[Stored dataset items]
==*==

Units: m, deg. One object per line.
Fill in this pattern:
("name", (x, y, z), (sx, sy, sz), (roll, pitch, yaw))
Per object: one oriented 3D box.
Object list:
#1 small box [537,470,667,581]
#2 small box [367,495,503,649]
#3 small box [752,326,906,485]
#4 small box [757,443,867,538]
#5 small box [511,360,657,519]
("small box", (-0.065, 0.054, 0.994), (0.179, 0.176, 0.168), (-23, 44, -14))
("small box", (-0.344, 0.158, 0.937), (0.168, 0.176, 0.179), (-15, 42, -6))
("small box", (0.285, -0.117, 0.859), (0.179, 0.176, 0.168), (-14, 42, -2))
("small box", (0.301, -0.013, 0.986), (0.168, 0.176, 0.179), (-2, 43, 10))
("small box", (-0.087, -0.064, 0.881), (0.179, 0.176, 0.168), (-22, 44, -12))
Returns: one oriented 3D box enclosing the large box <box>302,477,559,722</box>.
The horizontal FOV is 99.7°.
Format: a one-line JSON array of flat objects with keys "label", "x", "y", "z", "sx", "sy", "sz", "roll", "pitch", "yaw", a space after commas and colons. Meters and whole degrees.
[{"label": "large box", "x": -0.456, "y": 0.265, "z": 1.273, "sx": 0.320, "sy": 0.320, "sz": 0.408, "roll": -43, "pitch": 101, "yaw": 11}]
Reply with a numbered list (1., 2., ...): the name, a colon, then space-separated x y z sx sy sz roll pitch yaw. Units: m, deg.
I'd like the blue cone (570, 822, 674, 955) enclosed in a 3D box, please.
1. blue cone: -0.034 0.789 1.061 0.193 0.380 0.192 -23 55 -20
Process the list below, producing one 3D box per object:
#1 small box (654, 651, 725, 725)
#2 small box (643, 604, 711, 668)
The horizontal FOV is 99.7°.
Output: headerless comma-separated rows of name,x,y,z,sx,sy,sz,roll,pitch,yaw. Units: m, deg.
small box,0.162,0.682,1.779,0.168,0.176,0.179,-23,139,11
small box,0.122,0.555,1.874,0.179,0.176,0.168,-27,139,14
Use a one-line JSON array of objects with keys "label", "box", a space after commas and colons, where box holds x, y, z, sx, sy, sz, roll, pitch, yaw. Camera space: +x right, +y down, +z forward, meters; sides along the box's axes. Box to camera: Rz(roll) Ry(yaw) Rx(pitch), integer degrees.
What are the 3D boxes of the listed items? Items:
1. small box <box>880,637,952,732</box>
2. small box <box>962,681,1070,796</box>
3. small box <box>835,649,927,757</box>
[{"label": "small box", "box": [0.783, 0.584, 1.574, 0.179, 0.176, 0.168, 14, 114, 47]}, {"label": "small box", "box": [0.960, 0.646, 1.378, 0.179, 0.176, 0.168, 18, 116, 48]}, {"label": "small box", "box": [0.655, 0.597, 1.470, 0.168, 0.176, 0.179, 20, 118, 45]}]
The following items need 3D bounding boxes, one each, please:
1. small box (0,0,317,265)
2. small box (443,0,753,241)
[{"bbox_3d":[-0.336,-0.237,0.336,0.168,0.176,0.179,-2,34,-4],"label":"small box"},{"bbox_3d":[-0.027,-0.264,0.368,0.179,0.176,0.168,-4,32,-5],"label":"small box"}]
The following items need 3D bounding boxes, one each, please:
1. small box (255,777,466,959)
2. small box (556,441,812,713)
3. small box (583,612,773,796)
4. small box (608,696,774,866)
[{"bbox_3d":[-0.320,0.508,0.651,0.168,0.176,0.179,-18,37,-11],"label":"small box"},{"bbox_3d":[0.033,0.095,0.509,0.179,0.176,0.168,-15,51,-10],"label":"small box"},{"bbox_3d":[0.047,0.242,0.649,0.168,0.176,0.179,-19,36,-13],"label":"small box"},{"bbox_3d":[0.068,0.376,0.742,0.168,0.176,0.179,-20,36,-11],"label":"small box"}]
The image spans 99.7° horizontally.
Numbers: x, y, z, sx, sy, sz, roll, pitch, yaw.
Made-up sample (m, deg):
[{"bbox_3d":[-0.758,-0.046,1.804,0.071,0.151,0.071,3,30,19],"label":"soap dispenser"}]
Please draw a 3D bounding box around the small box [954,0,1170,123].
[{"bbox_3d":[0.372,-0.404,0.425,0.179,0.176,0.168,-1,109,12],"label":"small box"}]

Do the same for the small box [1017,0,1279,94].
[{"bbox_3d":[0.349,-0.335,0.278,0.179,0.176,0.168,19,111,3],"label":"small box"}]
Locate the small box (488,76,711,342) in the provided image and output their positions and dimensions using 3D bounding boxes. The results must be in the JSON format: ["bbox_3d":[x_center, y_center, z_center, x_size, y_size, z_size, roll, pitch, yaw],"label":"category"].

==*==

:: Your assignment ::
Verbatim reproduction of the entries is required.

:: Result of this task ::
Units: m, deg. One object per line.
Fill in this pattern:
("name", (x, y, z), (sx, sy, sz), (roll, pitch, yaw))
Per object: one oriented 3D box.
Object list:
#1 small box [537,470,667,581]
#2 small box [367,495,503,649]
#3 small box [752,326,906,485]
#4 small box [757,443,867,538]
#5 small box [511,360,657,519]
("small box", (-0.065, 0.054, 0.994), (0.179, 0.176, 0.168), (-23, 44, -14))
("small box", (-0.344, 0.158, 0.937), (0.168, 0.176, 0.179), (-15, 42, -6))
("small box", (0.285, -0.117, 0.859), (0.179, 0.176, 0.168), (-14, 42, -2))
("small box", (0.301, -0.013, 0.986), (0.168, 0.176, 0.179), (-2, 43, 10))
("small box", (-0.087, -0.064, 0.881), (0.179, 0.176, 0.168), (-22, 44, -12))
Returns: one oriented 3D box enclosing the large box <box>302,477,559,722</box>.
The horizontal FOV is 99.7°.
Format: a one-line JSON array of flat objects with keys "label", "x", "y", "z", "sx", "sy", "sz", "roll", "pitch", "yaw", a space after commas and colons. Meters and whole degrees.
[{"label": "large box", "x": -0.456, "y": 0.265, "z": 1.273, "sx": 0.320, "sy": 0.320, "sz": 0.408, "roll": -43, "pitch": 101, "yaw": 11}]
Reply with a numbered list (1., 2., ...): the name, a colon, then space-separated x y z sx sy sz roll pitch yaw. Units: m, deg.
I'd like the blue cone (570, 822, 674, 955) enclosed in a 3D box, please.
1. blue cone: -0.034 0.789 1.061 0.193 0.380 0.192 -23 55 -20
Process the list below, producing one 3D box per object:
#1 small box (654, 651, 725, 725)
#2 small box (643, 604, 711, 668)
The horizontal FOV is 99.7°.
Output: headerless comma-separated rows of name,x,y,z,sx,sy,sz,roll,pitch,yaw. Units: m, deg.
small box,0.162,0.682,1.779,0.168,0.176,0.179,-23,139,11
small box,0.122,0.555,1.874,0.179,0.176,0.168,-27,139,14
Use a one-line JSON array of objects with keys "label", "box", a space after commas and colons, where box holds x, y, z, sx, sy, sz, roll, pitch, yaw. Camera space: +x right, +y down, +z forward, meters; sides along the box's axes. Box to camera: Rz(roll) Ry(yaw) Rx(pitch), integer degrees.
What are the 3D boxes of the listed items? Items:
1. small box <box>880,637,952,732</box>
2. small box <box>962,681,1070,796</box>
3. small box <box>835,649,927,757</box>
[{"label": "small box", "box": [0.783, 0.584, 1.574, 0.179, 0.176, 0.168, 14, 114, 47]}, {"label": "small box", "box": [0.960, 0.646, 1.378, 0.179, 0.176, 0.168, 18, 116, 48]}, {"label": "small box", "box": [0.655, 0.597, 1.470, 0.168, 0.176, 0.179, 20, 118, 45]}]
The following items need 3D bounding boxes, one each, please:
1. small box (0,0,317,265)
2. small box (443,0,753,241)
[{"bbox_3d":[-0.336,-0.237,0.336,0.168,0.176,0.179,-2,34,-4],"label":"small box"},{"bbox_3d":[-0.027,-0.264,0.368,0.179,0.176,0.168,-4,32,-5],"label":"small box"}]
The following items need 3D bounding boxes, one each, please:
1. small box (255,777,466,959)
2. small box (556,441,812,713)
3. small box (583,612,773,796)
4. small box (608,696,774,866)
[{"bbox_3d":[-0.320,0.508,0.651,0.168,0.176,0.179,-18,37,-11],"label":"small box"},{"bbox_3d":[0.033,0.095,0.509,0.179,0.176,0.168,-15,51,-10],"label":"small box"},{"bbox_3d":[0.047,0.242,0.649,0.168,0.176,0.179,-19,36,-13],"label":"small box"},{"bbox_3d":[0.068,0.376,0.742,0.168,0.176,0.179,-20,36,-11],"label":"small box"}]
The image spans 99.7° horizontally.
Numbers: x, y, z, sx, sy, sz, roll, pitch, yaw.
Made-up sample (m, deg):
[{"bbox_3d":[-0.758,-0.046,1.804,0.071,0.151,0.071,3,30,19],"label":"soap dispenser"}]
Please draw a 3D bounding box around the small box [954,0,1170,123].
[{"bbox_3d":[0.372,-0.404,0.425,0.179,0.176,0.168,-1,109,12],"label":"small box"}]

Do the same for the small box [1017,0,1279,94].
[{"bbox_3d":[0.349,-0.335,0.278,0.179,0.176,0.168,19,111,3],"label":"small box"}]
Locate the small box (488,76,711,342) in the provided image and output their positions and dimensions using 3D bounding boxes. The results must be in the JSON format: ["bbox_3d":[x_center, y_center, z_center, x_size, y_size, z_size, roll, pitch, yaw],"label":"category"].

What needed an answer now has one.